Wednesday, April 25, 2012

Joined at the hip for the duration: Mitt Romney and Arizona's immigration law

Dana Milbank has, for once, gotten it right with regard to Mitt Romney. The presumptive Republican presidential nominee will not be able to Etch-a-Sketch his way out of support for SB 1070. The law, passed two years ago and now being reviewed by the Supreme Court, presumes to pre-empt the federal government on enforcement of immigration law.

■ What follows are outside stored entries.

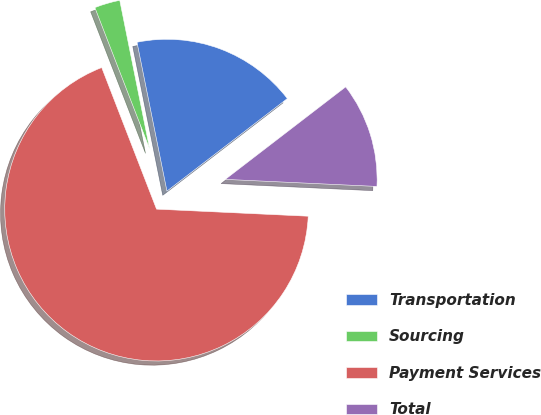<chart> <loc_0><loc_0><loc_500><loc_500><pie_chart><fcel>Transportation<fcel>Sourcing<fcel>Payment Services<fcel>Total<nl><fcel>17.73%<fcel>2.72%<fcel>68.37%<fcel>11.17%<nl></chart> 
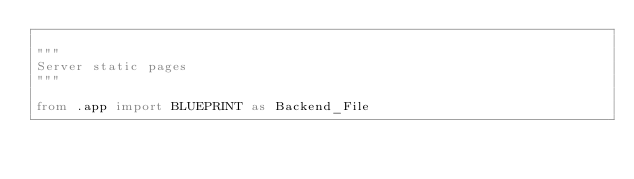Convert code to text. <code><loc_0><loc_0><loc_500><loc_500><_Python_>
"""
Server static pages
"""

from .app import BLUEPRINT as Backend_File
</code> 
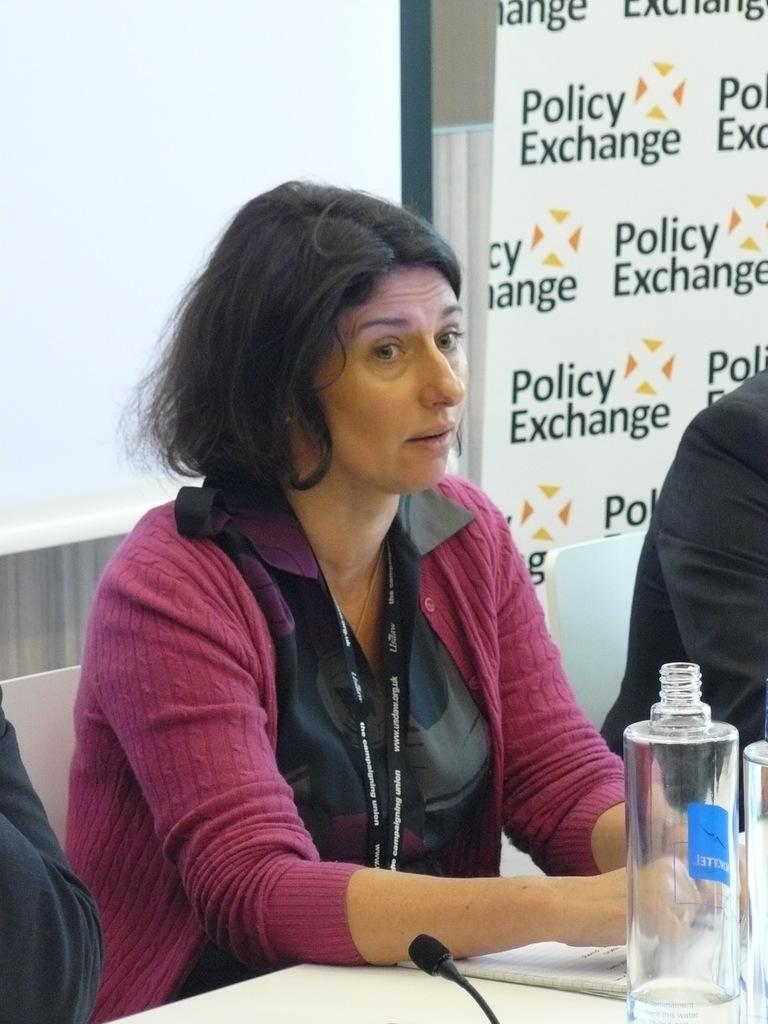<image>
Give a short and clear explanation of the subsequent image. Women speaking in front of a board that says "Policy Exchange".

While Romney tacks back toward what passes for the center these days as the general election campaign gets under way, he's going to have a hard time separating himself from this law he has called a "model" and from its tea party author, Russell Pearce. Milbank says:

Pearce, the former Republican president of the Arizona Senate, is the author and self-described 'driving force' behind S.B. 1070, that state's law ' endorsed by Romney ' cracking down on illegal immigrants. Pearce told The Post's Felicia Sonmez this month that Romney's 'immigration policy is identical to mine,' and he told reporters this week that Romney 'absolutely' gave him the impression that he saw the Arizona law as a national model.
This just adds to Romney's problem with a key voter demographic: Latinos. As recently noted by kos, only 14 percent of Latinos supported Romney for president as of the second week of April, with 70 percent for President Obama. Romney's having backed Pearce's law and the racial profiling that, of necessity, is required by its implementation, will not be forgotten.

Pearce's testimony at a Senate Judiciary subcommittee hearing Tuesday, which was boycotted by Senate Republicans, provided additional evidence of his extremism. Not just his, however. He wasn't off base when he pointed out that the Arizona law represents 'by far the majority opinion of my party.'

That is why the Etch-a-Sketch technique will be a major fail on this issue.